You’ll wonder why on earth they have flown under the radar for so long. Evocatively titled individually and often sounding deceptively simple, they come from a similar impulse to that of Schumann’s Kinderszenen, Grieg’s Lyric Pieces or even Mussorgsky’s Pictures at an Exhibition. It’s not certain whether Dvorák wrote them to be performed together as a collection or not, but they work well this way, not because they tell an extended story but because each fits into the sonic context of what comes before.

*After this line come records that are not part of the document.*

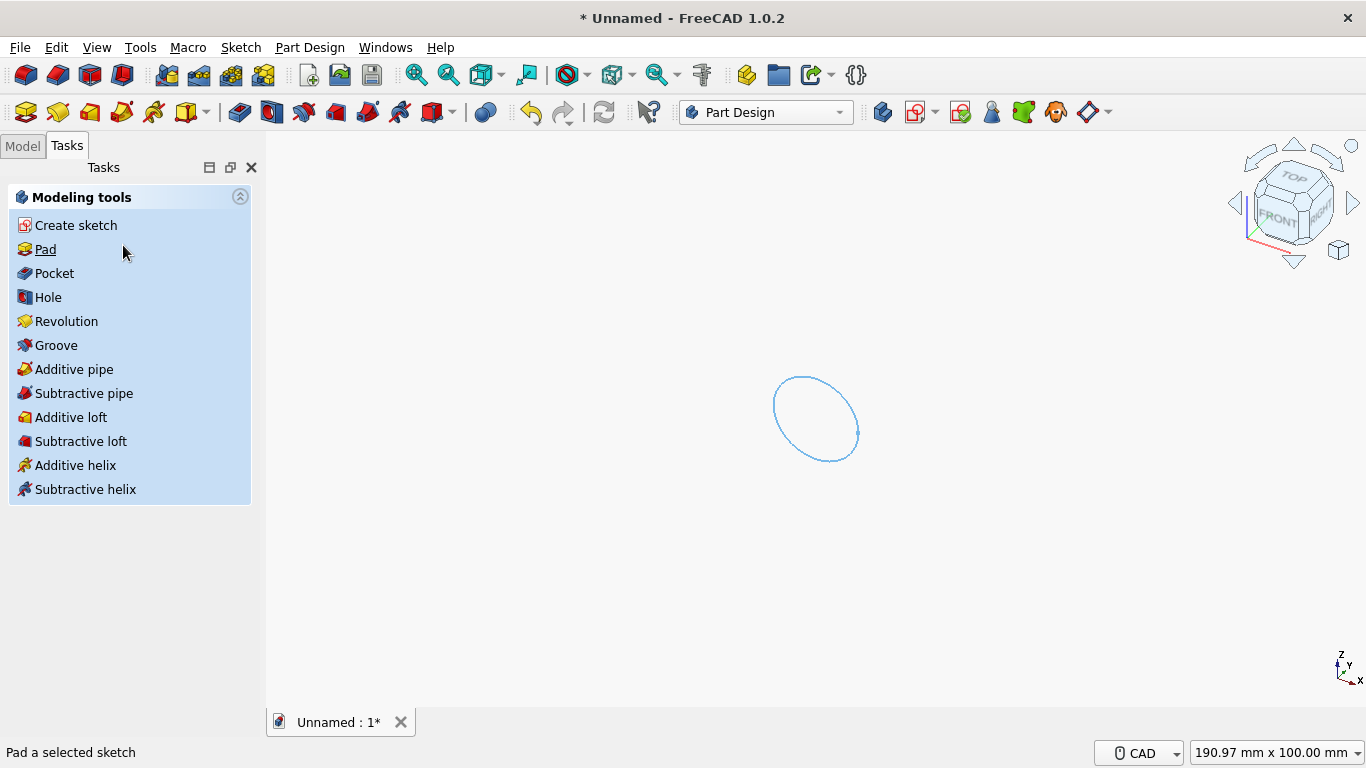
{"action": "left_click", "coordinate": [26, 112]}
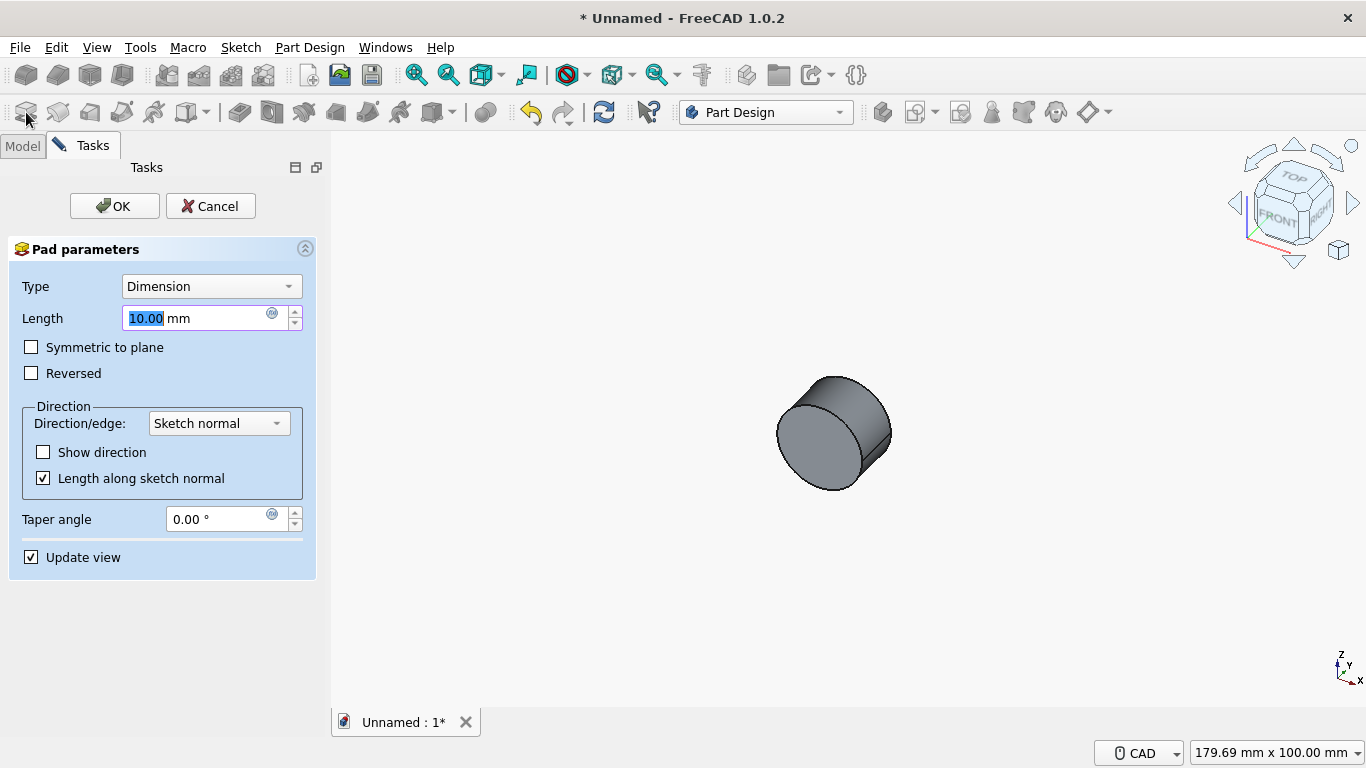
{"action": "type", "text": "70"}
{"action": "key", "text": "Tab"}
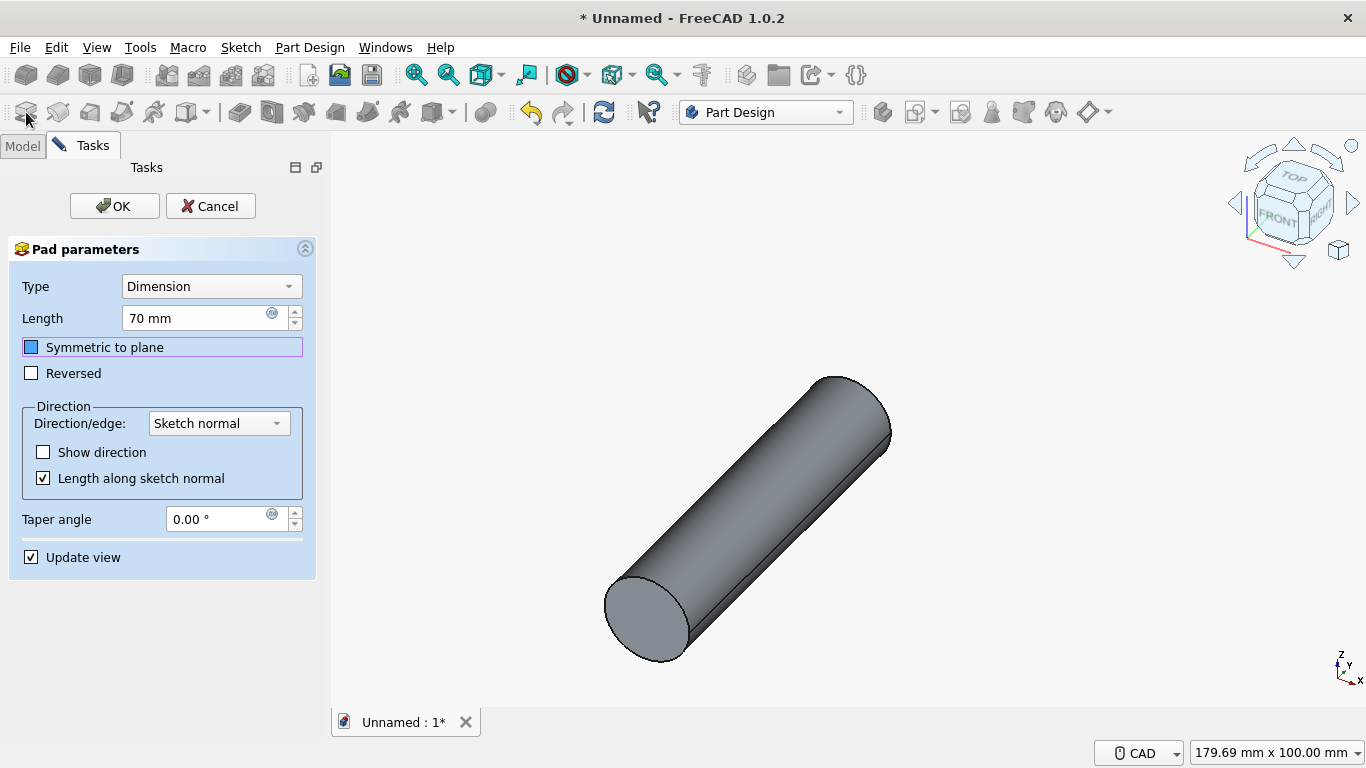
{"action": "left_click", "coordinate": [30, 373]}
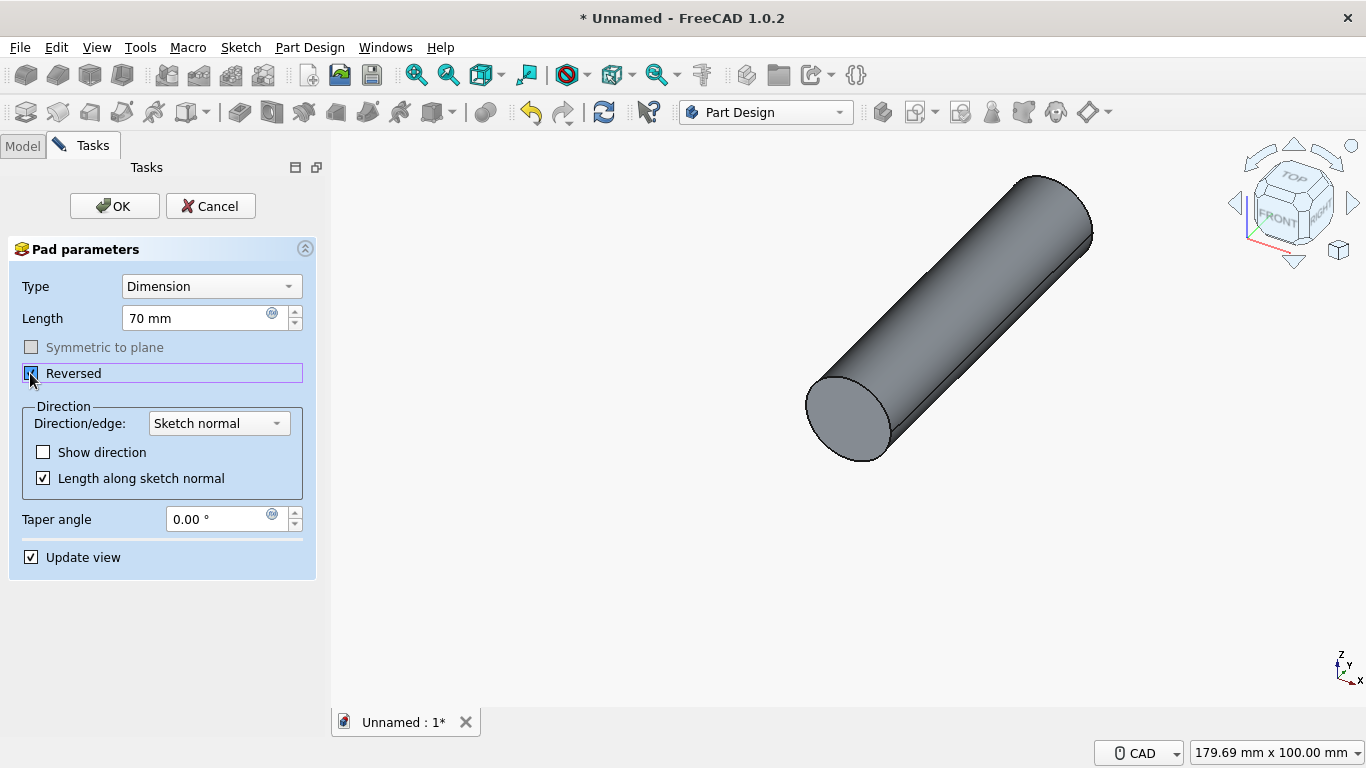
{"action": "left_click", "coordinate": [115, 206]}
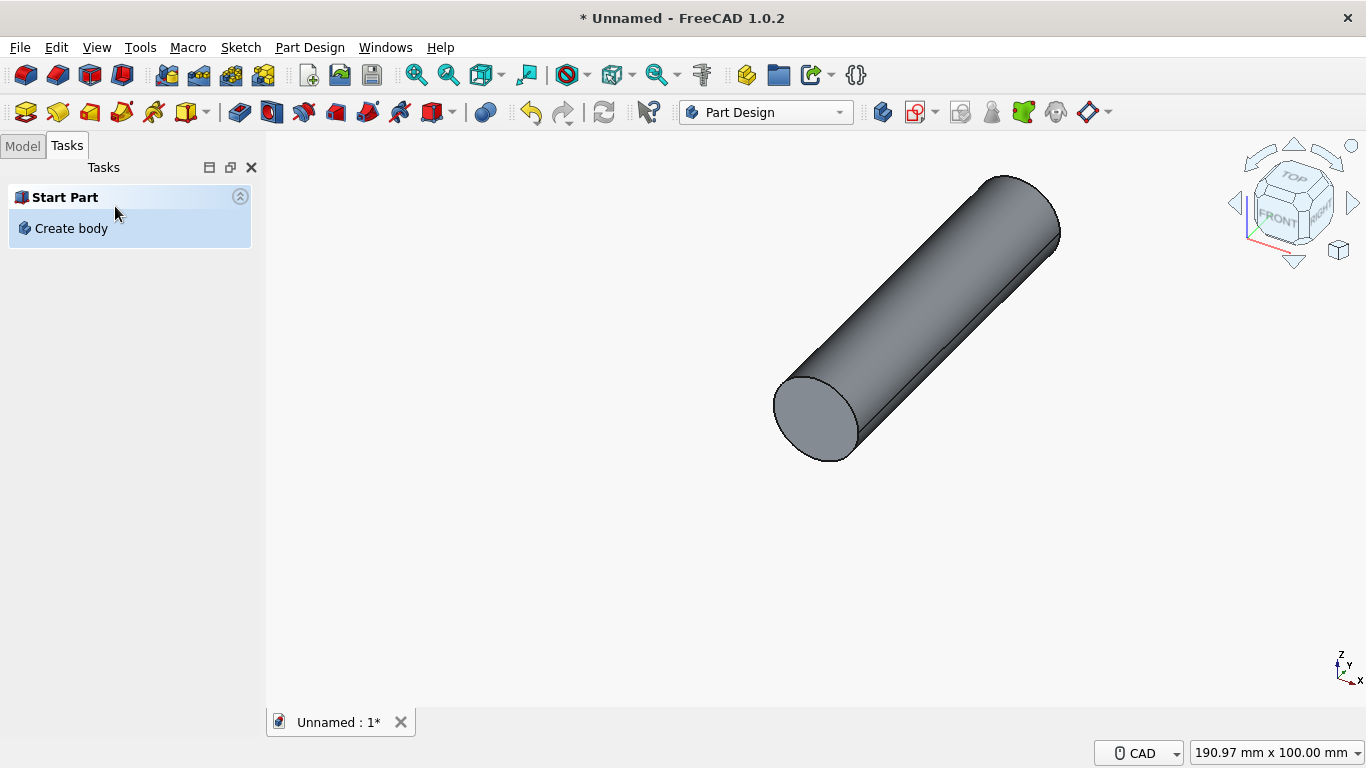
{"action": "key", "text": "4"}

There’s a once-upon-a-time, scene-setting feel to the opening piece, Twilight Way, its skittish middle section anticipating the lighter restlessness of the next one, Toying. Then comes one of the highlights of the set, In the Old Castle, in which Dvorák constantly keeps the key and our perception shifting: is this place benign or sinister?

Later on there’s a vigorous Furiant – Dvorák’s love of Czech folk-dance rhythms is never far away – and a perky Dance for some unusually sweet-sounding Goblins, who take a rather languorous rest in the middle. There’s a fairytale atmosphere to many of the pieces, but that’s not to say they are simple: Andsnes works hard to make them sound effortless, not least in the crazily fast detail of the 10th piece, Bacchanalia, brilliantly dispatched. These are not cosy children’s pieces: Dvorák’s harmonies and melodies never do quite what one expects, and nothing is purely whimsical. Instead, as with Schumann and Grieg, there’s the sense that one is listening to a composer who is delightfully fascinated by the small complexities of the world around.